Scout ultimately resolved the OBC lawsuit by agreeing to stop using the allegedly infringing material and re-branding its restaurant. Scout subsequently sued Truck Insurance, claiming that the coverage denial amounted to breach of contract and bad faith. However, the Idaho Supreme Court agreed with Truck Insurance and found that Scout’s October 2012 Facebook post constituted a prior publication within the meaning of the exclusion. The Supreme Court found that the prior publication exclusion is unambiguous and “clearly indicates that if an injury arises after coverage is purchased, it will not be covered if the material was published prior to coverage.” Therefore, the Supreme Court held that Truck Insurance’s denial of coverage was not improper.
Consequential Damages – New York
D.K. Prop., Inc. v. National Union Fire Ins. Co. of Pittsburgh, PA.
--- N.Y.S.3d ---, 2019 WL 237454 (N.Y. App. Div. Jan. 17, 2019)
A New York appellate court rejected the notion that there is a heightened pleading requirement for consequential damages claims arising out of an insurer’s alleged failure to pay a property damage claim. Instead, the appellate court held that a consequential damages claim is properly plead when the claimant specifies the types of consequential damages claimed and that such damages were reasonably contemplated by the parties prior to contracting.

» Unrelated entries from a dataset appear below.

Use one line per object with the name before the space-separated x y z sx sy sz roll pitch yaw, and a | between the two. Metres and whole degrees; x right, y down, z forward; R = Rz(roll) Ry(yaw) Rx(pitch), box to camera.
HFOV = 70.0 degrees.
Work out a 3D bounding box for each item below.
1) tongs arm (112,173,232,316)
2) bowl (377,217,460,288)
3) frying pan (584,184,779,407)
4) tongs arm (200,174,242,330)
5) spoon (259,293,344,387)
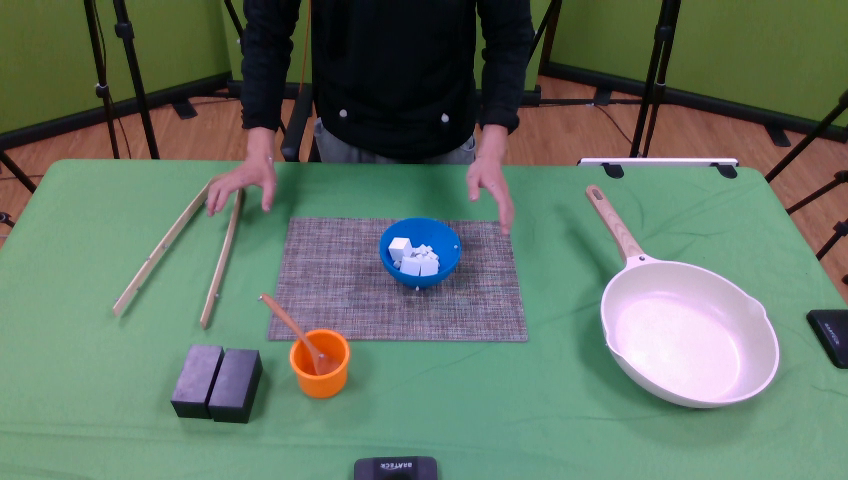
tongs arm | -0.467 -0.005 1.157 0.051 0.026 0.382 11 45 4
bowl | -0.012 0.036 1.118 0.151 0.077 0.150 2 46 -2
frying pan | 0.412 0.079 1.096 0.307 0.103 0.484 -10 56 -15
tongs arm | -0.387 0.008 1.158 0.028 0.028 0.385 -1 46 -3
spoon | -0.191 0.155 0.947 0.021 0.194 0.041 -13 28 50

D.K. Property Inc. (D.K. Property) sought coverage under a National Union Fire Insurance Co. of Pittsburgh, PA.’s (National Union) commercial property policy for structural damage to its building allegedly resulting from construction work in an adjoining building. National Union neither paid the claim nor denied coverage and failed to provide a coverage determination, despite making allegedly unreasonable and burdensome requests to D.K. Property for information. D.K. Property filed suit against National Union for breach of contract and breach of implied covenant of good faith and fair dealing, which included claims for consequential damages for building repairs, lost rent and legal fees incurred to sue both the insurer and the company allegedly responsible for the property damage.

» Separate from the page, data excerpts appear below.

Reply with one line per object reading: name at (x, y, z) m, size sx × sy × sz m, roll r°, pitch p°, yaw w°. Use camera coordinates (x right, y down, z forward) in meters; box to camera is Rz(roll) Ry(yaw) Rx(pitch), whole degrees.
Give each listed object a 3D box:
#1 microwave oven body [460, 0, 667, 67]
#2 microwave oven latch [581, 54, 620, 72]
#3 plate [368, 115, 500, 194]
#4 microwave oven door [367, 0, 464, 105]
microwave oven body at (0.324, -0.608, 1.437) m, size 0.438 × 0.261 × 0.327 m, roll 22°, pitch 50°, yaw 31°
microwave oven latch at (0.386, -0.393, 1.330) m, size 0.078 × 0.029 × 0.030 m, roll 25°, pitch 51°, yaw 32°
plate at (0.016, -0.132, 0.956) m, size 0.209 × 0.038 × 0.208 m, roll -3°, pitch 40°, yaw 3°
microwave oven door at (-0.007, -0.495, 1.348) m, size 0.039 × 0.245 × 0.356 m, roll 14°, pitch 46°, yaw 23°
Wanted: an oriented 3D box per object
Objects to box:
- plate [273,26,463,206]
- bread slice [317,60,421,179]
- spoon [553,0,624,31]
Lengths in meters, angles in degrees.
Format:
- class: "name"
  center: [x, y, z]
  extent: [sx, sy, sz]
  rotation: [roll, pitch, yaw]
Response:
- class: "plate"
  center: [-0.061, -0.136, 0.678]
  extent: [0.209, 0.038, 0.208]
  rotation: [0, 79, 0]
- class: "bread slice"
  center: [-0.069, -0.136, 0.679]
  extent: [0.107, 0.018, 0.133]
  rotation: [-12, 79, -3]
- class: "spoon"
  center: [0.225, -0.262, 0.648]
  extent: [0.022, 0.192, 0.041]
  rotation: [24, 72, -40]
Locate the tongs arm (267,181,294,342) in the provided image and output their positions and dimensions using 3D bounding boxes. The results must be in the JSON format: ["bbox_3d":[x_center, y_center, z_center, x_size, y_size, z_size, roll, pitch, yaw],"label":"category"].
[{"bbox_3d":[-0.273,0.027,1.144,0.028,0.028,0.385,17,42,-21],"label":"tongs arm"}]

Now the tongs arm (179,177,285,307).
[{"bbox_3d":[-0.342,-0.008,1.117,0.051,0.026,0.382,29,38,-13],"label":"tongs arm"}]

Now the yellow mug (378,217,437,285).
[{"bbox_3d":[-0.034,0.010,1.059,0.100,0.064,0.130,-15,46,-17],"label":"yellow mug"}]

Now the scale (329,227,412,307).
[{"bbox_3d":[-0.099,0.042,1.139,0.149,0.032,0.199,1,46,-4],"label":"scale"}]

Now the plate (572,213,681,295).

National Union moved to dismiss the consequential damages claims on the basis that the factual allegations underpinning them were insufficiently detailed. The trial court granted summary judgment in favor of National Union, dismissing all consequential damages claims except for those relating to legal fees. But the appellate court reversed the lower court’s ruling, noting that D.K. Property was not required to explain the basis for those claims at a granular level of detail at the pleading stage. According to the appellate court, D.K. Property met New York’s pleading requirement by laying out the types of consequential damages sought and stating why National Union should have foreseen that such damages could possibly result if it failed to provide coverage.